Remembering Ancestors

By Paul VanRaden

©2025

 

Topics:

         Displaying ancestors in a pedigree

         Ancestry origins from pedigree

         Ancestry regions from DNA

         Finding DNA matches for relatives

         Predicting traits

         Data sources

         Relationships, inbreeding, and heterosis

         Conclusions

         References

 

Displaying ancestors in a pedigree

At USDA we wrote programs to display ancestor information from a database onto a screen beginning in 1993. Most pedigree displays become very wide with many generations and then leave much empty space at the left for the recent generations. The display style we invented lists standard data fields such as birth date in one long column together. After those fields, each generation indents only a few spaces more than the last, greatly reducing the width and giving a vertical pedigree with one ancestor per row that can be easily emailed or printed on standard paper.

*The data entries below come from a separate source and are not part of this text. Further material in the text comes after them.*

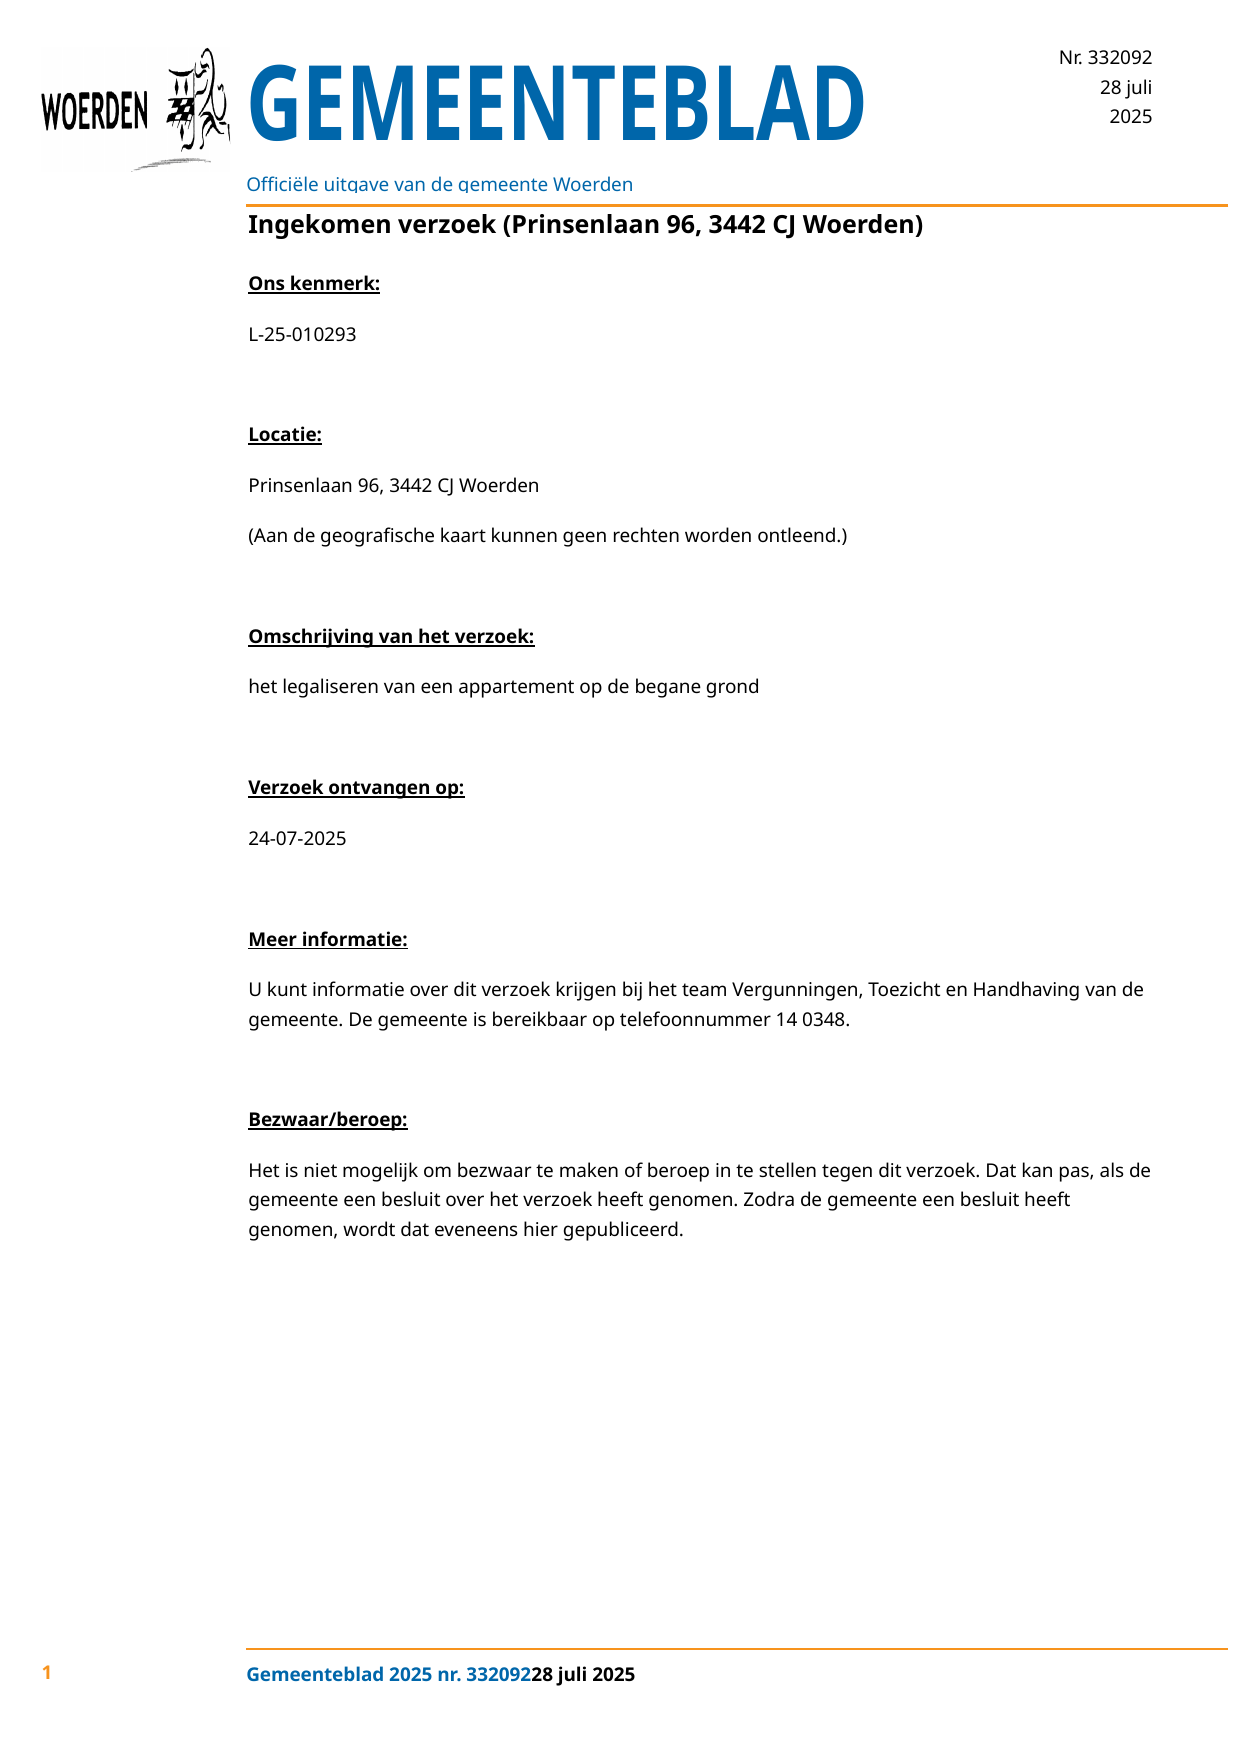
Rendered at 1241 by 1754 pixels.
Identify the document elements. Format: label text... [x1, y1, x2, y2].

text Ons kenmerk: [248, 270, 1152, 296]
text Verzoek ontvangen op: [248, 774, 1152, 800]
text Prinsenlaan 96, 3442 CJ Woerden [248, 472, 1152, 498]
text Meer informatie: [248, 926, 1152, 951]
text Ingekomen verzoek (Prinsenlaan 96, 3442 CJ Woerden) [248, 207, 1152, 241]
text 24-07-2025 [248, 825, 1152, 851]
text Locatie: [248, 422, 1152, 447]
text L-25-010293 [248, 321, 1152, 346]
text het legaliseren van een appartement op de begane grond [248, 674, 1152, 699]
text Omschrijving van het verzoek: [248, 623, 1152, 649]
text Het is niet mogelijk om bezwaar te maken of beroep in te stellen tegen dit verzoek. Dat kan pas, als de gemeente een besluit over het verzoek heeft genomen. Zodra de gemeente een besluit heeft genomen, wordt dat eveneens hier gepubliceerd. [248, 1157, 1152, 1242]
text U kunt informatie over dit verzoek krijgen bij het team Vergunningen, Toezicht en Handhaving van de gemeente. De gemeente is bereikbaar op telefoonnummer 14 0348. [248, 976, 1152, 1031]
text (Aan de geografische kaart kunnen geen rechten worden ontleend.) [248, 522, 1152, 548]
picture [41, 47, 231, 172]
text Bezwaar/beroep: [248, 1107, 1152, 1132]

I used those ideas for my own pedigree below. This style could be programmed to provide the same report for any pedigree by pulling data from a database or an export file, but I had to type this one by hand:

         VanRaden Pedigree

 

Ancestry origins from pedigree

People have wanted to know where their ancestors lived, how long they lived, and stories about them since Biblical times. Often, historians recorded only the all-male path from father to grandfather to great grandfather, etc., or from father to son to grandson, etc. because family names, property, and power were often inherited that way, such as with kings. Many people even worship a father and a son but not a mother or a daughter. But in this last century, females may own property, hold power, have equal rights such as to vote, and deserve their history (herstory) told also. Hallelujah!

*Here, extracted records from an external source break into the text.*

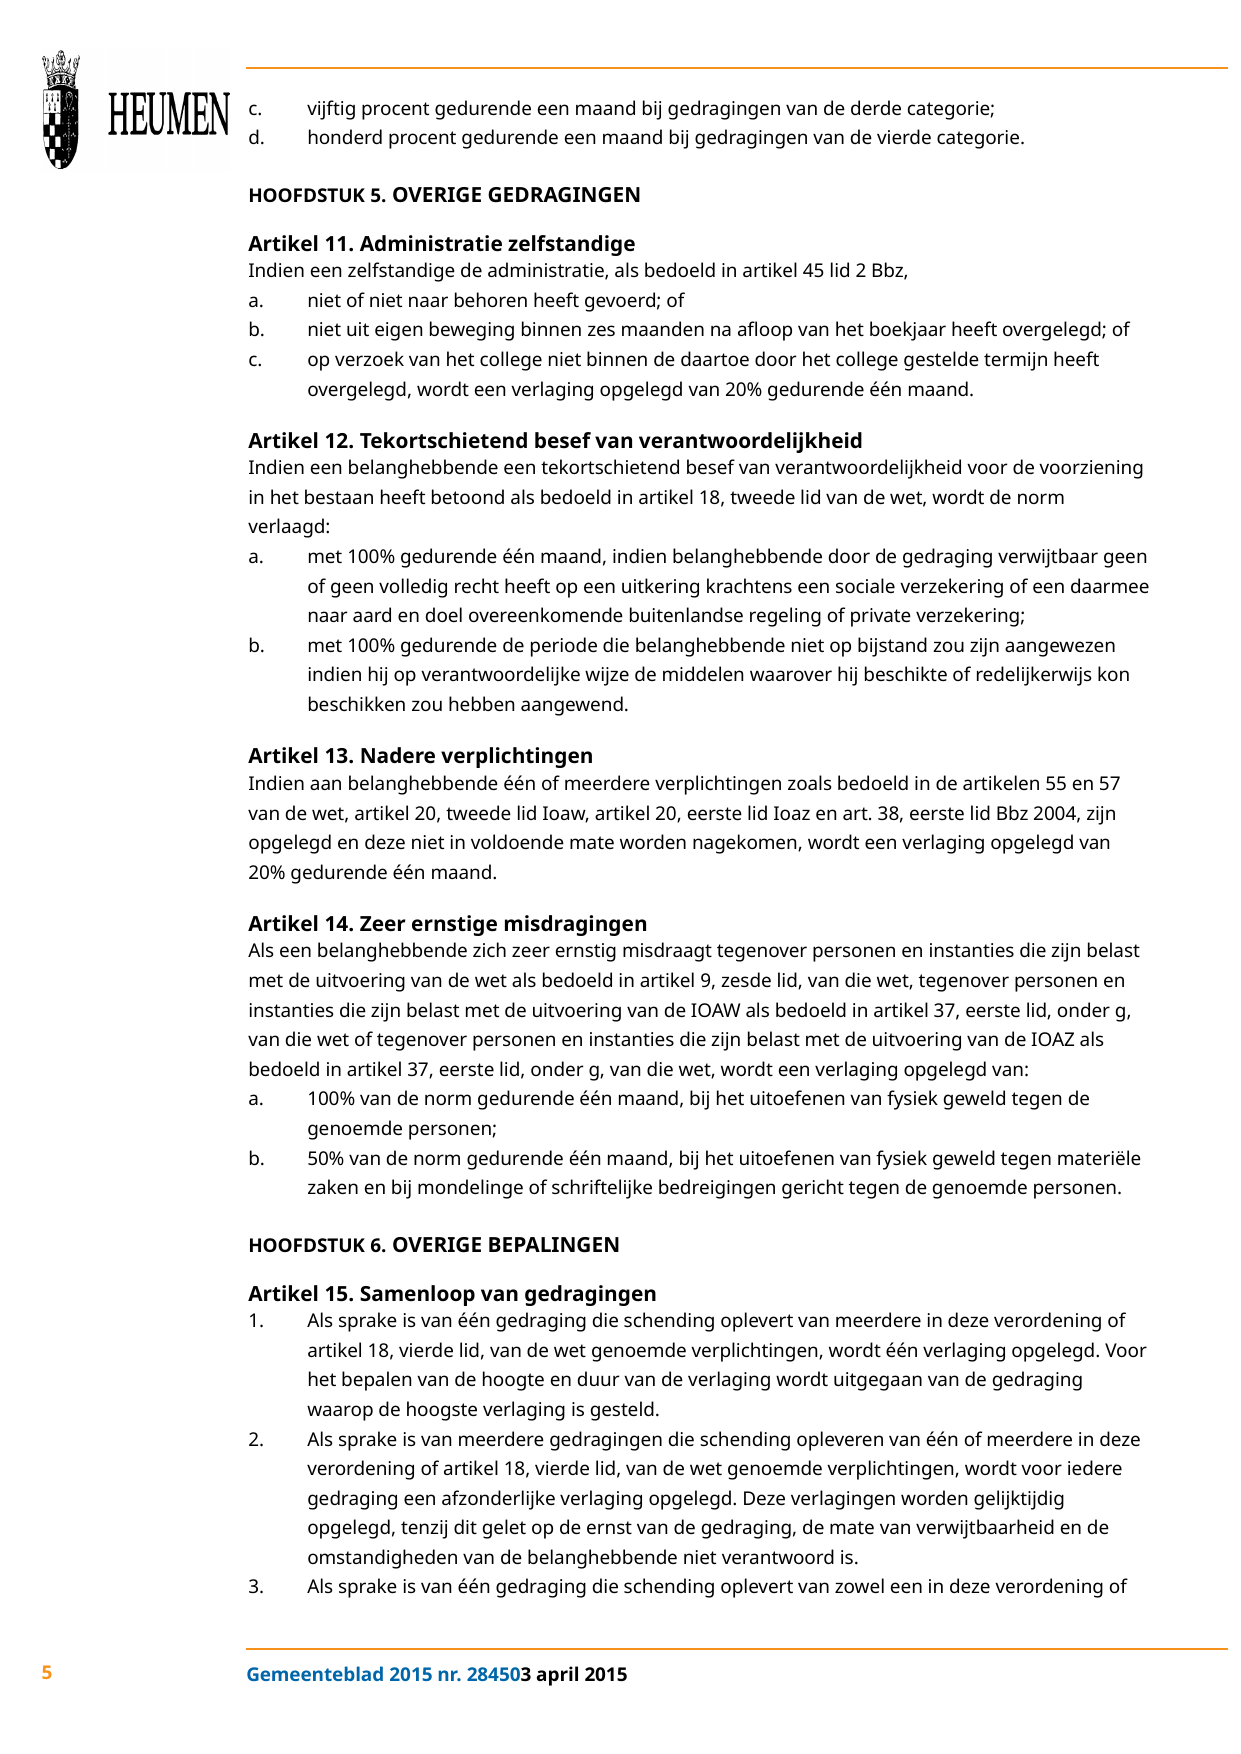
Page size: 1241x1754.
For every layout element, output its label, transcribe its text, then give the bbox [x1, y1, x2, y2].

list met 100% gedurende één maand, indien belanghebbende door de gedraging verwijtbaar geen of geen volledig recht heeft op een uitkering krachtens een sociale verzekering of een daarmee naar aard en doel overeenkomende buitenlandse regeling of private verzekering; [248, 543, 1152, 628]
list 100% van de norm gedurende één maand, bij het uitoefenen van fysiek geweld tegen de genoemde personen; [248, 1086, 1152, 1141]
text Artikel 14. Zeer ernstige misdragingen [248, 909, 1152, 938]
picture [41, 47, 231, 172]
text van die wet of tegenover personen en instanties die zijn belast met de uitvoering van de IOAZ als bedoeld in artikel 37, eerste lid, onder g, van die wet, wordt een verlaging opgelegd van: [248, 1026, 1152, 1082]
list Als sprake is van één gedraging die schending oplevert van meerdere in deze verordening of artikel 18, vierde lid, van de wet genoemde verplichtingen, wordt één verlaging opgelegd. Voor het bepalen van de hoogte en duur van de verlaging wordt uitgegaan van de gedraging waarop de hoogste verlaging is gesteld. [248, 1307, 1152, 1422]
list 50% van de norm gedurende één maand, bij het uitoefenen van fysiek geweld tegen materiële zaken en bij mondelinge of schriftelijke bedreigingen gericht tegen de genoemde personen. [248, 1145, 1152, 1200]
text HOOFDSTUK 6. OVERIGE BEPALINGEN [248, 1230, 1152, 1258]
list Als sprake is van meerdere gedragingen die schending opleveren van één of meerdere in deze verordening of artikel 18, vierde lid, van de wet genoemde verplichtingen, wordt voor iedere gedraging een afzonderlijke verlaging opgelegd. Deze verlagingen worden gelijktijdig opgelegd, tenzij dit gelet op de ernst van de gedraging, de mate van verwijtbaarheid en de omstandigheden van de belanghebbende niet verantwoord is. [248, 1426, 1152, 1570]
text Indien aan belanghebbende één of meerdere verplichtingen zoals bedoeld in de artikelen 55 en 57 van de wet, artikel 20, tweede lid Ioaw, artikel 20, eerste lid Ioaz en art. 38, eerste lid Bbz 2004, zijn opgelegd en deze niet in voldoende mate worden nagekomen, wordt een verlaging opgelegd van 20% gedurende één maand. [248, 770, 1152, 884]
list niet of niet naar behoren heeft gevoerd; of [248, 287, 1152, 313]
list met 100% gedurende de periode die belanghebbende niet op bijstand zou zijn aangewezen indien hij op verantwoordelijke wijze de middelen waarover hij beschikte of redelijkerwijs kon beschikken zou hebben aangewend. [248, 632, 1152, 717]
text HOOFDSTUK 5. OVERIGE GEDRAGINGEN [248, 180, 1152, 208]
text Artikel 15. Samenloop van gedragingen [248, 1279, 1152, 1307]
text Artikel 11. Administratie zelfstandige [248, 229, 1152, 257]
text Artikel 12. Tekortschietend besef van verantwoordelijkheid [248, 426, 1152, 454]
list niet uit eigen beweging binnen zes maanden na afloop van het boekjaar heeft overgelegd; of [248, 317, 1152, 342]
list Als sprake is van één gedraging die schending oplevert van zowel een in deze verordening of [248, 1574, 1152, 1599]
list op verzoek van het college niet binnen de daartoe door het college gestelde termijn heeft overgelegd, wordt een verlaging opgelegd van 20% gedurende één maand. [248, 346, 1152, 401]
text Indien een belanghebbende een tekortschietend besef van verantwoordelijkheid voor de voorziening in het bestaan heeft betoond als bedoeld in artikel 18, tweede lid van de wet, wordt de norm verlaagd: [248, 454, 1152, 539]
text Als een belanghebbende zich zeer ernstig misdraagt tegenover personen en instanties die zijn belast met de uitvoering van de wet als bedoeld in artikel 9, zesde lid, van die wet, tegenover personen en instanties die zijn belast met de uitvoering van de IOAW als bedoeld in artikel 37, eerste lid, onder g, [248, 938, 1152, 1023]
list vijftig procent gedurende een maand bij gedragingen van de derde categorie; [248, 95, 1152, 121]
list honderd procent gedurende een maand bij gedragingen van de vierde categorie. [248, 124, 1152, 150]
text Artikel 13. Nadere verplichtingen [248, 742, 1152, 770]
text Indien een zelfstandige de administratie, als bedoeld in artikel 45 lid 2 Bbz, [248, 257, 1152, 283]

My nieces Hillary King and Andrea Sabaka found or stored about 230 of my ancestors in a commercial database (ancestry.com) and added many pictures and stories about their lives. We Americans had forgotten much of this history, but our German cousins wrote a 100-page book about our VanRaden ancestors and those families. Then I transferred the key fields into the pedigree document above and used that to trace where our family’s DNA is from. My sister Judy Winship thought of giving each generation a different color to help see the connections. Humans will never get pedigrees as deep and accurate as cattle because farmers gave cattle a 100-year head start and because cattle generations take only 2-5 instead of 20-40 years.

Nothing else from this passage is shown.